Japan's Leaders Bicker and Stall Over Choice Of Premier

JUST after Japanese Prime Minister Morihiro Hosokawa announced two weeks ago that he would step down, the members of his ruling coalition said they would decide on a replacement within a week. Make that two. Possibly three.

The coalition brings together - ``unites'' is the wrong word - politicians with diverse visions of Japan, and in the past few days they have undertaken an arduous task: reaching broad agreements on some contentious issues.

Consequently the formal selection of Foreign Minister Tsutomu Hata as a replacement for Mr. Hosokawa was delayed all week and may be put off until after the weekend.

As has become common of late, some frustrated Socialists threatened yesterday to leave the coalition, which can little afford defections.

People here have witnessed the same scenes over and over again: politicians gathering for meetings and politicians explaining why they can't agree. The coalition sometimes seems like a bickering family out for a Sunday drive in a car that stalls at every stoplight.

At the same time, the Japanese media, apparently certain of the outcome of the current negotiations, has put out a stream of mythmaking profiles and specials about Mr. Hata. Gastronomically astute reporters have ventured out to eat soba, buckwheat noodles, at a restaurant patronized by the noodle-loving Hata.

The object of all this attention has not yet declared his candidacy for the top job, but maintains an air of dignified, sometimes bemused, confidence in public.

When Hosokawa said he was stepping down amid a percolating scandal over his political finances, he unleashed a wave of speculation that Japanese politicians would realign themselves along policy lines: Conservatives on one side, liberals on the other. The current political scene features the internally divided coalition and a major opposition party that likewise embraces politicians of opposing opinions.

Some observers said the post-Hosokawa power shuffle heralded a major recasting of parties and the emergence of ideologically coherent groupings. But that day was postponed when the coalition decided to stick it out, a step that some here see as a cynical clinging to power.

Rei Shiratori, a political scientist at Tokai University, says the effort to maintain the coalition shows its members' overriding sense of pragmatism, ``because they have nothing in the way of political principles'' in common.

That is why Ichiro Ozawa, the powerful secretary-general of Hata's Japan Renewal Party, has insisted that the coalition agree on a policy platform before Hata is officially designated the coalition's candidate. Mr. Ozawa seems to share the belief of many analysts here that the coalition's divisions are so deep that a Hata government will quickly crumble unless coalition members agree now not to disagree later.

The major stumbling block is tax reform.

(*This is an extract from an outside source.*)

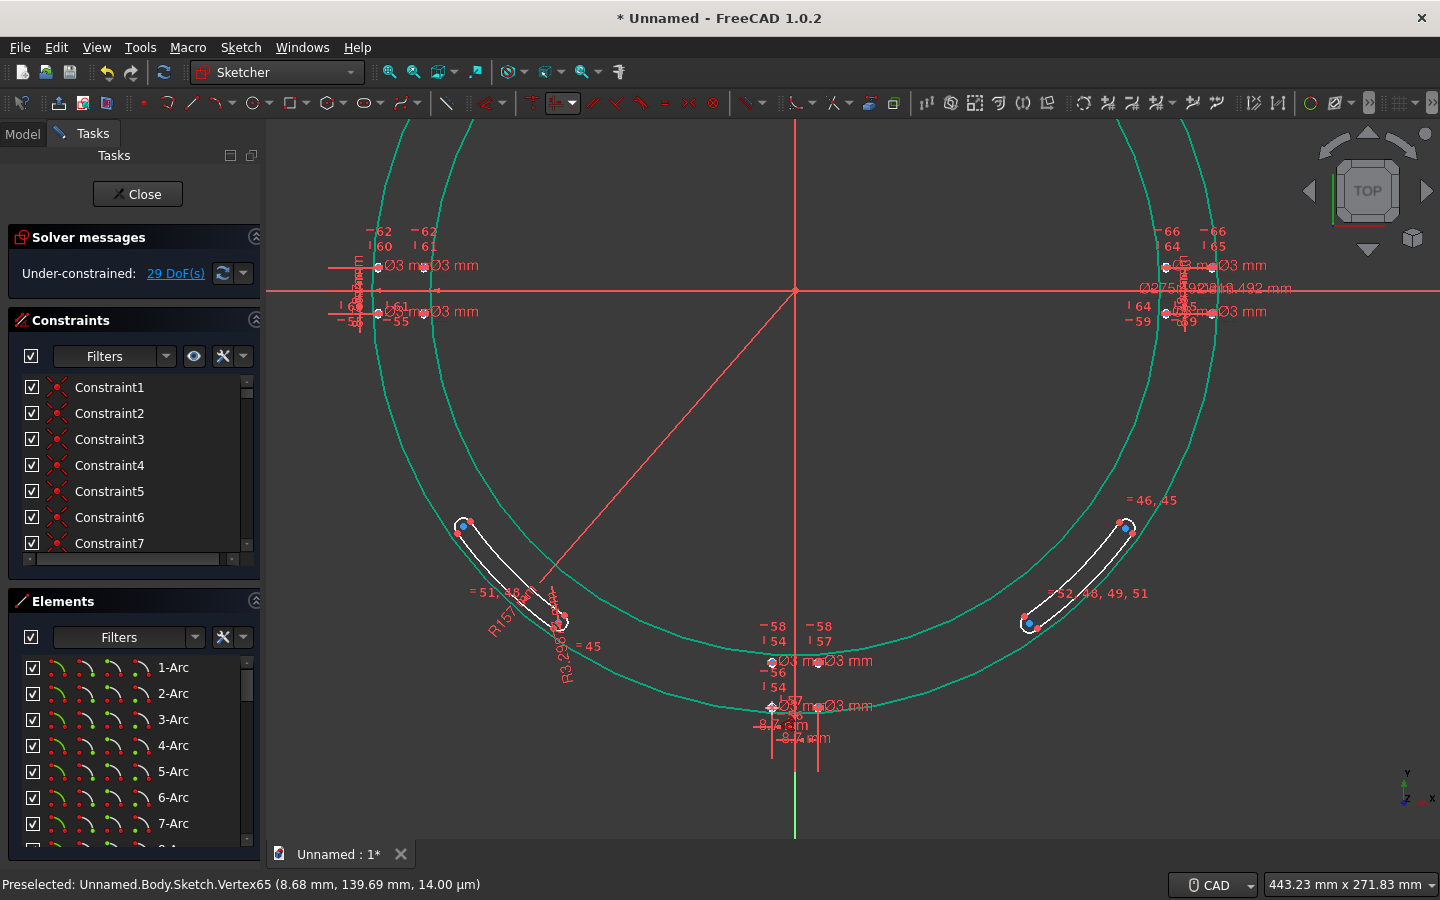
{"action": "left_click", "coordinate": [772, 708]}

The conservatives in the coalition - led by Hata's and Ozawa's Japan Renewal Party - favor funding an income tax cut, already in force, by boosting the national sales tax from 3 to 7 percent.

But the Socialists, the largest bloc in the coalition, oppose the sales tax hike. ``I agree with income tax reduction,'' says Hideko Itoh, a member of the Social Democratic Party. ``But the question is how to fund it.''

Ms. Itoh argues that the income tax cut, a Reaganesque attempt to boost spending and investment by the rich, principally favors the wealthiest fifth of the population, while the remaining ``80 percent of the population may suffer as a result of the increase in the [sales] tax.'' She says the sales tax hike would stifle, not encourage, domestic spending, which was the central goal of the income tax cut.

The coalition is also troubled by North Korea's alleged nuclear weapons. Ozawa and like-minded conservatives favor wholehearted cooperation with the United States, South Korea, and the United Nations in pushing the North to open fully its nuclear sites to international inspection.

That stance is uncomfortable for the Socialists, who have long maintained relatively friendly ties with the North Korean regime.

The Japanese media, meanwhile, has been busy preparing readers and viewers for Hata's emergence as prime minister. He has been portrayed as a reform-minded, experienced politician who is also a regular guy, as evidenced by 10 years of work for a bus company.

The public seems at least content with Hata. A report on a poll conducted by the Yomiuri newspaper said Wednesday that 61 percent of 2,100 people interviewed would support Hata.

The same poll said 60 percent also thought Hosokawa's resignation was ``irresponsible.'' Hosokawa came into office last August vowing to change the political and economic system, and many say he abandoned the post without fulfilling his mandate.